Let $ABC$ be an equilateral triangle. Extend side $\overline{AB}$ beyond $B$ to a point $B'$ so that $BB'=3 \cdot AB$ . Similarly, extend side $\overline{BC}$ beyond $C$ to a point $C'$ so that $CC'=3 \cdot BC$ , and extend side $\overline{CA}$ beyond $A$ to a point $A'$ so that $AA'=3 \cdot CA$ . What is the ratio of the area of $\triangle A'B'C'$ to the area of $\triangle ABC$ ?

$\textbf{(A)}\ 9\qquad\textbf{(B)}\ 16\qquad\textbf{(C)}\ 25\qquad\textbf{(D)}\ 36\qquad\textbf{(E)}\ 37$

Solution 1: Law of Cosines

Solution by HydroQuantum

Let $AB=BC=CA=x$ .

Recall The Law of Cosines. Letting $A'B'=B'C'=C'A'=y$ , $y^2=(3x)^2+(x+3x)^2-2(3x)(x+3x)(cos120) =$ $(3x)^2+(4x)^2-2(3x)(4x)(cos120)=9x^2+16x^2-24x(cos120)=25x^2+12x^2=37x^2.$ Since both $\triangle ABC$ and $\triangle A'B'C'$ are both equilateral triangles, they must be similar due to $AA$ similarity. This means that $\frac{A'B'}{AB}$ $=$ $\frac{B'C'}{BC}$ $=$ $\frac{C'A'}{CA}$ $=$ $\frac{[\triangle A'B'C']}{[\triangle ABC]}$ $=$ $\frac{37}{1}$ .

Therefore, our answer is $\boxed{\textbf{(E) }37:1}$ .

Solution 2: Inspection(easiest solution)

Note that the height and base of $\triangle A'CC'$ are respectively 4 times and 3 times that of $\triangle ABC$ . Therefore the area of $\triangle A'CC'$ is 12 times that of $\triangle ABC$ .

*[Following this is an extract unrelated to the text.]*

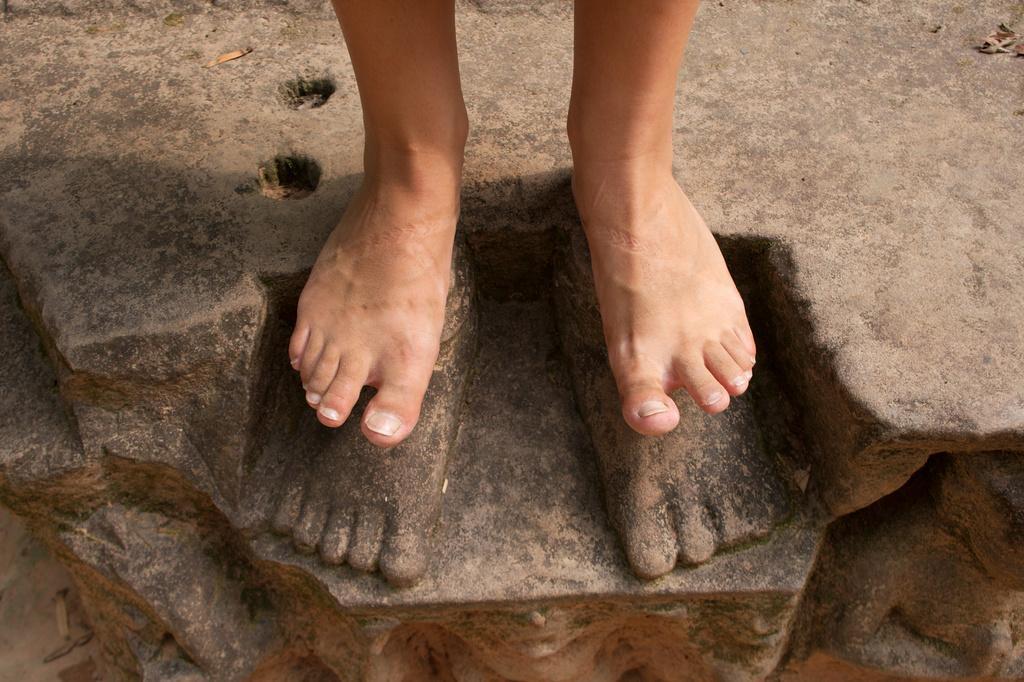Describe this image in one or two sentences. In this image I can see a person standing on the rock.

By symmetry, $\triangle A'CC' \cong \triangle B'AA' \cong \triangle C'BB'$ . Adding the areas of these three triangles and $\triangle ABC$ for the total area of $\triangle A'B'C'$ gives a ratio of $(12 + 12 + 12 + 1) : 1$ , or $\boxed{\textbf{(E) } 37 : 1}$ .

Solution 3: Coordinates

First we note that $A'B'C'\sim ABC$ due to symmetry. WLOG, let $B = (0, 0)$ and $AB = 1$ Therefore, $C = (1, 0), A = \frac{1}{2}, \left(\frac{\sqrt{3}}{2}\right)$ . Using the condition that $CC' = 3$ , we get $C' = (4, 0)$ and $B' = \left(\frac{-3}{2}, \frac{-3\sqrt{3}}{2}\right)$ . It is easy to check that $B'C' = \sqrt{37}$ . Since the area ratios of two similar figures is the square of the ratio of their lengths, the ratio is $\boxed{\textbf{(E) } 37 : 1}$

Solution by mathwiz0803

Solution 4: Computing the Areas

Note that angle $C'BB'$ is $120$ °, as it is supplementary to the equilateral triangle. Then, using area $= \frac{1}{2}ab\sin\theta$ and letting side $AB = 1$ for ease, we get: $4\cdot3\cdot\frac{\sin120}{2} = 3\sqrt{3}$ as the area of $C'BB'$ . Then, the area of $ABC$ is $\frac{\sqrt{3}}{4}$ , so the ratio is $\frac{3(3\sqrt{3})+\frac{\sqrt{3}}{4}}{\frac{\sqrt{3}}{4}} = \boxed{\textbf{(E) } 37 : 1}$

Solution by Aadileo

2017 AMC 12B (Problems • Answer Key • Resources)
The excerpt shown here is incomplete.